We are just finishing interviews for the incoming class of new residents that will start in July. Feels weird now that I am two years removed from their position, and I am starting to lose the feeling of how they felt and how intimidated I was. I am also realizing how much closer I am to being done with residency, and how much more I need to learn. Seems like I have made it to the point that some things are really starting to come together for me knowlege wise, and I am starting to have the foundation that I can build my knowlege upon. I only have 3.5 years left, which really is not all that much time to get the skills and knowlege I will need wherever the Lord has for me.
The rest of the year has me doing another month of Cardiac surgery, a month of Plastic surgery, a month of Transplant surgery up in Cleveland, and another few months of general surgery I think, or maybe ICU or something like that.

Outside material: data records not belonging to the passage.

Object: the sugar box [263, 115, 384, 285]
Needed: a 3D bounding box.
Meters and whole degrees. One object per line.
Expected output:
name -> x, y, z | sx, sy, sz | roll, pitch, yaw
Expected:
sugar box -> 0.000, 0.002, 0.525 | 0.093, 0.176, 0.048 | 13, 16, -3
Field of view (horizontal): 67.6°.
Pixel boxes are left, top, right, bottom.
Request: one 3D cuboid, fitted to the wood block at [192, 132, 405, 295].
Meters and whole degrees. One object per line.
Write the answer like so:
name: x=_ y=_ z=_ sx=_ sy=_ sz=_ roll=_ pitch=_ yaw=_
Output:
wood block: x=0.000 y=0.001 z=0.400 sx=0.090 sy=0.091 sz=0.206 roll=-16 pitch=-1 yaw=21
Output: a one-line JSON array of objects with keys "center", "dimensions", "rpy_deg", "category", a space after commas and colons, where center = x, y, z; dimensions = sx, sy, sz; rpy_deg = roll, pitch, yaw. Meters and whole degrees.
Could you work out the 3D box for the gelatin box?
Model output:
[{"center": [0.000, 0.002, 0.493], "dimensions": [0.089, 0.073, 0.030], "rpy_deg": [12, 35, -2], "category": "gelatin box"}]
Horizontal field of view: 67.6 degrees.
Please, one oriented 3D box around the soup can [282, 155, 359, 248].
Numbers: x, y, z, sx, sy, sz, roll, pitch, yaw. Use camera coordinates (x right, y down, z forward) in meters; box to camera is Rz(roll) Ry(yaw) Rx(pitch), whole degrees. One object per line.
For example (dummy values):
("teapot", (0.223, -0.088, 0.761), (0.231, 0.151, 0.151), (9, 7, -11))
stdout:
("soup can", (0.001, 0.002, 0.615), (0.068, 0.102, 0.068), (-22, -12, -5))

Last month seemed to be really strange. We had this guy come in that was similar to another patient we had earlier in the year. He was a young guy of 18 who actually came in one night as a trauma patient. He had been involved in a drunken car wreck where the vehicle he was in was stolen. He didn't have anything wrong and was a real jerk to the staff, spitting, swearing, swinging, etc... so we let him go home. He then showed up later that same night having been shot in a room with a girl, not his girlfriend, and when he came in he wasn't swearing or spitting, or fighting. He looked at me and with wide eyes asked me point blank if he was going to die. I answered back with the usual "well, we are trying to make sure you don't." as I looked at his chest x-ray the bullet wound on his left chest seemed to have a chest that was full of blood. We began pumping him full of blood and IV fluids, and I put a tube in between his ribs into his chest cavity under his armpit to evacuate the blood that has accumulated there, as well as re-expand his lung. Initially I watched just over 3 pints of blood come out of the tube. I secured the tube to his chest and then took another look and he had over a liter out. At this point we were able to roll him and found the exit wound in the small of his back and so we took him up to surgery. We placed him on the operating table and then he asked us again if he was going to die. I was praying again as I answered, "well, we sure hope not sir, we are doing our best to make sure you don't die okay." A few seconds later when we put him to sleep for the surgery we lost his pulse and blood pressure, so we started CPR and he had blood squirting out of his bullet holes with the compressions. The chest surgeon arrived and cracked his chest, to find his heart beating, but then it stopped. He had a bullet wound all the way through both segments of his left lung and the bullet had severed both the main artery and vein going to his lung, which is a fatal wound.
Well, we really have been doing okay as a family, with the children learning much more how to read, play football, build and create. I have someone I have to go see now, so I will end here. Some short moments of calm on call here at the hospital are the times I have to write here, so I guess that means it has to be interrupted like now. Take care.